§ **Dataset records**

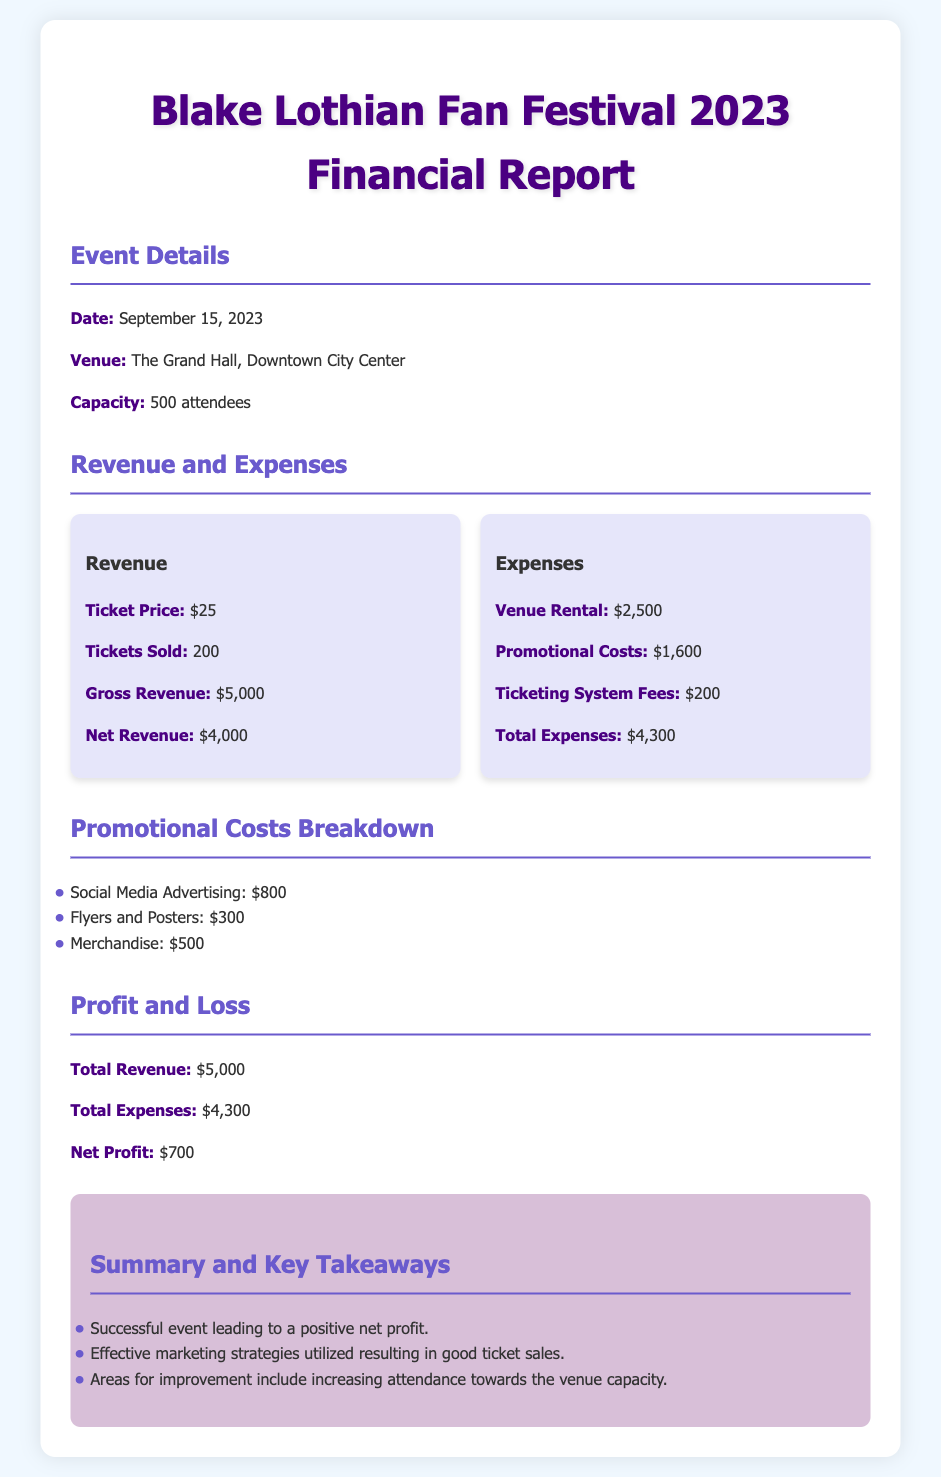What was the date of the event? The document states that the event took place on September 15, 2023.
Answer: September 15, 2023 What was the venue of the event? The venue for the fan festival is specified as The Grand Hall, Downtown City Center.
Answer: The Grand Hall, Downtown City Center What were the total expenses? Total expenses in the report are detailed as $4,300.
Answer: $4,300 What was the net profit from the event? The net profit calculated in the document is $700, which is the difference between total revenue and total expenses.
Answer: $700 How many tickets were sold for the event? The financial report indicates that 200 tickets were sold.
Answer: 200 What was the cost of venue rental? Venue rental expenses are listed as $2,500 in the report.
Answer: $2,500 What was the total promotional costs? The total promotional costs are provided as $1,600.
Answer: $1,600 What was the ticket price? The document specifies the ticket price as $25.
Answer: $25 What is the capacity of the venue? The capacity of the venue for the event is stated as 500 attendees.
Answer: 500

§ **What you need to do**
Output the records verbatim, every one of them, and keep the pictures out.

§ **Answer section**
What was the date of the event? The document states that the event took place on September 15, 2023.
Answer: September 15, 2023 What was the venue of the event? The venue for the fan festival is specified as The Grand Hall, Downtown City Center.
Answer: The Grand Hall, Downtown City Center What were the total expenses? Total expenses in the report are detailed as $4,300.
Answer: $4,300 What was the net profit from the event? The net profit calculated in the document is $700, which is the difference between total revenue and total expenses.
Answer: $700 How many tickets were sold for the event? The financial report indicates that 200 tickets were sold.
Answer: 200 What was the cost of venue rental? Venue rental expenses are listed as $2,500 in the report.
Answer: $2,500 What was the total promotional costs? The total promotional costs are provided as $1,600.
Answer: $1,600 What was the ticket price? The document specifies the ticket price as $25.
Answer: $25 What is the capacity of the venue? The capacity of the venue for the event is stated as 500 attendees.
Answer: 500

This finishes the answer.